メリダの考古遺跡群はすべてのローマの都市設計のルールに従って建設されたローマ植民都市の顕著な例である。また、メリダはローマ時代とそれ以降の時代の州都・首都としての役割を反映した建造物群を保持している。

○登録基準(iv)=人類史的に重要な建造物や景観

メリダの考古遺跡群はローマ帝国の最盛期とその後の時代の両面についてローマの都市公共建築の卓越した例を示している。

■完全性

メリダの考古遺跡群の保存状態は非常にすぐれており、素材の完全性を維持している。
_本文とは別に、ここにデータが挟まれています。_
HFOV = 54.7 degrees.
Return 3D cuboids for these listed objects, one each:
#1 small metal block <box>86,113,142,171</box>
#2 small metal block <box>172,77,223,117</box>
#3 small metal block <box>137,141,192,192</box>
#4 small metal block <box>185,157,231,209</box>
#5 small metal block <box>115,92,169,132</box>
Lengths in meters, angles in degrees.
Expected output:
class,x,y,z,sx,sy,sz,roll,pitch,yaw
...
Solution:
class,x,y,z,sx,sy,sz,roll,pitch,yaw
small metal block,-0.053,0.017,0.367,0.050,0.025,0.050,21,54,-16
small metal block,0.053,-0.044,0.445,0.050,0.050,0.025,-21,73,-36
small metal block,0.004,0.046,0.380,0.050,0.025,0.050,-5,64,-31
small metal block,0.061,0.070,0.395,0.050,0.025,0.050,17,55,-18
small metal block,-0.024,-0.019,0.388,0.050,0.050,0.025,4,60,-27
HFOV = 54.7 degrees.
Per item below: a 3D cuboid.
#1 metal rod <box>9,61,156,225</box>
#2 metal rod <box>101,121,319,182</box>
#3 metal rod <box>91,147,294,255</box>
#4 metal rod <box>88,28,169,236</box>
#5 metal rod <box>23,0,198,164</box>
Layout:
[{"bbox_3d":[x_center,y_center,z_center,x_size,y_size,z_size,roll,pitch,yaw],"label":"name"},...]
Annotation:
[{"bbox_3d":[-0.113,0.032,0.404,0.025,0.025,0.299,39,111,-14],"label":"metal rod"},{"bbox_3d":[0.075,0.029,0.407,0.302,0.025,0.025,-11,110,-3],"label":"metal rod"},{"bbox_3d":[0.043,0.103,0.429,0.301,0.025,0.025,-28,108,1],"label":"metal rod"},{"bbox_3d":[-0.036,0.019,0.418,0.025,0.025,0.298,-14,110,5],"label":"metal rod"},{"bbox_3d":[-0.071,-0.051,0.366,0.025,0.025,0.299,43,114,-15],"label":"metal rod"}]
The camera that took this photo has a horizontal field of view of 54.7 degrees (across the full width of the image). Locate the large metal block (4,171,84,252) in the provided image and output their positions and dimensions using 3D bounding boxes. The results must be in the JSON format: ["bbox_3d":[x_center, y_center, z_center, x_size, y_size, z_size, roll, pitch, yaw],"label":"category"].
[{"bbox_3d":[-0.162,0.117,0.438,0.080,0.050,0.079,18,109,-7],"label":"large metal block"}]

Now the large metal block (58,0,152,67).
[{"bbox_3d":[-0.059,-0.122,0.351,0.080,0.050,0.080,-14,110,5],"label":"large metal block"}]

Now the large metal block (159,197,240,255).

ローマ植民都市の主要な構造と遺構を保持しており、その上に西ゴート時代やイスラム教時代の建造物が築かれたため、歴史上のさまざまな時代の特徴を示しながらも融合し、全体として統一された街並みを形成している。都市開発は限られており、20世紀に発掘されるまで埋もれていたすべての遺跡の完全性が保たれている。遺跡は現在の都市に組み込まれており、都市景観の一部をなしている。何世紀にもわたって変化してきたにもかかわらず、構成資産は歴史的・科学的な意義を維持しており、ローマ橋やテアトルムなど多くの建造物が現在も使用されている。

■真正性

メリダの考古遺跡群のさまざまな構成資産はその形状・デザイン・素材・用途・機能において真正性を維持している。サンタ・エウラリア・バシリカは西ゴート・ロマネスク・ゴシック・バロックといったさまざまな様式が混在し、それぞれの時代のニーズに適応した例を示している。中世と近世に改修されたグアディアナ川のローマ橋の一部区間も同様だ。スペイン帝国時代の17世紀にはふたつのキリスト教のモニュメントがローマ時代の大理石で建設され、この街の歴史的アイデンティティが示された。それがサンタ・エウラリアのオベリスクとバシリカの殉教聖堂で、それぞれ異教徒の祭壇とマルス神殿の素材が転用された。20世紀に入って基本的に人的介入は行われていないが、アンフィテアトルムのスタンドの一部や倉庫は保護や理解の必要性から復元された。テアトルムのステージは例外的に復元されたが、現代的な基準に従っている。原則として介入は遺物の統合のみで再建は行われていないため、保存状態は良好である。